Data records:
· · · ·

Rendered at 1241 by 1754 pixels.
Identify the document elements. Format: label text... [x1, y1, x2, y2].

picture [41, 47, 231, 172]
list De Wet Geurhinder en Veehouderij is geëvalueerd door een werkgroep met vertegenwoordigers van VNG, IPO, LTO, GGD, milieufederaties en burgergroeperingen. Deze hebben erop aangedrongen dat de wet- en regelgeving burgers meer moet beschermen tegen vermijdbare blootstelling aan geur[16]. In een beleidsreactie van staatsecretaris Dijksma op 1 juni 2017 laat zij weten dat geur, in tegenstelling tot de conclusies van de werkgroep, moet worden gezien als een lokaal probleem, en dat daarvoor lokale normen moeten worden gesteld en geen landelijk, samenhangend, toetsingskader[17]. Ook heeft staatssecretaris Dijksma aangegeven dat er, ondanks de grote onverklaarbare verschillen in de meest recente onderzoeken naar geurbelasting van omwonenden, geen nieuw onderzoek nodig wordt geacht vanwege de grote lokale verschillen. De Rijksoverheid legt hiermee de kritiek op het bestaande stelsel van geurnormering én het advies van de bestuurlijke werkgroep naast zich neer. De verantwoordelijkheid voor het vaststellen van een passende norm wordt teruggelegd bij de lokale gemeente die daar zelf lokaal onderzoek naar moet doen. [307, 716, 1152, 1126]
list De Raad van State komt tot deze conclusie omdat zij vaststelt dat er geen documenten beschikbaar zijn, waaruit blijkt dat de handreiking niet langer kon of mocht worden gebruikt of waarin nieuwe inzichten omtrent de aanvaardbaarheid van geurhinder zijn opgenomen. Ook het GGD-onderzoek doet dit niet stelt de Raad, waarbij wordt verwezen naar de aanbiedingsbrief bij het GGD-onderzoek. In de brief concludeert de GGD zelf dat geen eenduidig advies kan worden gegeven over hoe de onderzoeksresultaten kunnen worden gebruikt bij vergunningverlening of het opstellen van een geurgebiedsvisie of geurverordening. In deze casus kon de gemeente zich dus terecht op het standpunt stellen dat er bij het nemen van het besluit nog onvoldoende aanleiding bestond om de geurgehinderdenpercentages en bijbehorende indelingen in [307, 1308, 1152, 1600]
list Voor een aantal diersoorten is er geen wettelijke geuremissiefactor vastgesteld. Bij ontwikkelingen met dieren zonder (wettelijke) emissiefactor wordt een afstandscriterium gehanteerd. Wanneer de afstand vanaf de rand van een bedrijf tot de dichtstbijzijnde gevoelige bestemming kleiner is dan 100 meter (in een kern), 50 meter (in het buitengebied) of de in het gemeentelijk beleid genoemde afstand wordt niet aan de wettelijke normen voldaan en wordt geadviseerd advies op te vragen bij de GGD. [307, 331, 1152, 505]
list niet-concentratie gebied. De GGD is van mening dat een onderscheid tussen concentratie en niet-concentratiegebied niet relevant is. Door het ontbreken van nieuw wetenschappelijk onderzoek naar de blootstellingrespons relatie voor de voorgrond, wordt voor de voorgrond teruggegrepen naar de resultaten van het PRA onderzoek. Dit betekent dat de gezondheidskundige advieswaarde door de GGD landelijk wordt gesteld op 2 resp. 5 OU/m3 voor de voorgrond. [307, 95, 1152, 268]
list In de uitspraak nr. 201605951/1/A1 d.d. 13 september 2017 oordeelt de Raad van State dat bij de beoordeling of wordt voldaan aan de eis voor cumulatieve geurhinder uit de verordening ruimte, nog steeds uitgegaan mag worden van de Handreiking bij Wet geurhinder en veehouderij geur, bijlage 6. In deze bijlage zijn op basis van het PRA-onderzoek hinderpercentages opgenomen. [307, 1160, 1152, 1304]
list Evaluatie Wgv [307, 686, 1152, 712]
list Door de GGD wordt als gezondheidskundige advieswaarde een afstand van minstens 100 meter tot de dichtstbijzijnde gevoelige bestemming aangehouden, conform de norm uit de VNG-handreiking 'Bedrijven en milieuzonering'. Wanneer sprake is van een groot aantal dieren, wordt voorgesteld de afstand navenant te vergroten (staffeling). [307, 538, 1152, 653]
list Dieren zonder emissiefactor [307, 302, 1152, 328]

· · · ·

*Task:*
Copy the data above in full, character for character.

*Written solution:*
Rendered at 1241 by 1754 pixels.
Identify the document elements. Format: label text... [x1, y1, x2, y2].

picture [41, 47, 231, 172]
list De Wet Geurhinder en Veehouderij is geëvalueerd door een werkgroep met vertegenwoordigers van VNG, IPO, LTO, GGD, milieufederaties en burgergroeperingen. Deze hebben erop aangedrongen dat de wet- en regelgeving burgers meer moet beschermen tegen vermijdbare blootstelling aan geur[16]. In een beleidsreactie van staatsecretaris Dijksma op 1 juni 2017 laat zij weten dat geur, in tegenstelling tot de conclusies van de werkgroep, moet worden gezien als een lokaal probleem, en dat daarvoor lokale normen moeten worden gesteld en geen landelijk, samenhangend, toetsingskader[17]. Ook heeft staatssecretaris Dijksma aangegeven dat er, ondanks de grote onverklaarbare verschillen in de meest recente onderzoeken naar geurbelasting van omwonenden, geen nieuw onderzoek nodig wordt geacht vanwege de grote lokale verschillen. De Rijksoverheid legt hiermee de kritiek op het bestaande stelsel van geurnormering én het advies van de bestuurlijke werkgroep naast zich neer. De verantwoordelijkheid voor het vaststellen van een passende norm wordt teruggelegd bij de lokale gemeente die daar zelf lokaal onderzoek naar moet doen. [307, 716, 1152, 1126]
list De Raad van State komt tot deze conclusie omdat zij vaststelt dat er geen documenten beschikbaar zijn, waaruit blijkt dat de handreiking niet langer kon of mocht worden gebruikt of waarin nieuwe inzichten omtrent de aanvaardbaarheid van geurhinder zijn opgenomen. Ook het GGD-onderzoek doet dit niet stelt de Raad, waarbij wordt verwezen naar de aanbiedingsbrief bij het GGD-onderzoek. In de brief concludeert de GGD zelf dat geen eenduidig advies kan worden gegeven over hoe de onderzoeksresultaten kunnen worden gebruikt bij vergunningverlening of het opstellen van een geurgebiedsvisie of geurverordening. In deze casus kon de gemeente zich dus terecht op het standpunt stellen dat er bij het nemen van het besluit nog onvoldoende aanleiding bestond om de geurgehinderdenpercentages en bijbehorende indelingen in [307, 1308, 1152, 1600]
list Voor een aantal diersoorten is er geen wettelijke geuremissiefactor vastgesteld. Bij ontwikkelingen met dieren zonder (wettelijke) emissiefactor wordt een afstandscriterium gehanteerd. Wanneer de afstand vanaf de rand van een bedrijf tot de dichtstbijzijnde gevoelige bestemming kleiner is dan 100 meter (in een kern), 50 meter (in het buitengebied) of de in het gemeentelijk beleid genoemde afstand wordt niet aan de wettelijke normen voldaan en wordt geadviseerd advies op te vragen bij de GGD. [307, 331, 1152, 505]
list niet-concentratie gebied. De GGD is van mening dat een onderscheid tussen concentratie en niet-concentratiegebied niet relevant is. Door het ontbreken van nieuw wetenschappelijk onderzoek naar de blootstellingrespons relatie voor de voorgrond, wordt voor de voorgrond teruggegrepen naar de resultaten van het PRA onderzoek. Dit betekent dat de gezondheidskundige advieswaarde door de GGD landelijk wordt gesteld op 2 resp. 5 OU/m3 voor de voorgrond. [307, 95, 1152, 268]
list In de uitspraak nr. 201605951/1/A1 d.d. 13 september 2017 oordeelt de Raad van State dat bij de beoordeling of wordt voldaan aan de eis voor cumulatieve geurhinder uit de verordening ruimte, nog steeds uitgegaan mag worden van de Handreiking bij Wet geurhinder en veehouderij geur, bijlage 6. In deze bijlage zijn op basis van het PRA-onderzoek hinderpercentages opgenomen. [307, 1160, 1152, 1304]
list Evaluatie Wgv [307, 686, 1152, 712]
list Door de GGD wordt als gezondheidskundige advieswaarde een afstand van minstens 100 meter tot de dichtstbijzijnde gevoelige bestemming aangehouden, conform de norm uit de VNG-handreiking 'Bedrijven en milieuzonering'. Wanneer sprake is van een groot aantal dieren, wordt voorgesteld de afstand navenant te vergroten (staffeling). [307, 538, 1152, 653]
list Dieren zonder emissiefactor [307, 302, 1152, 328]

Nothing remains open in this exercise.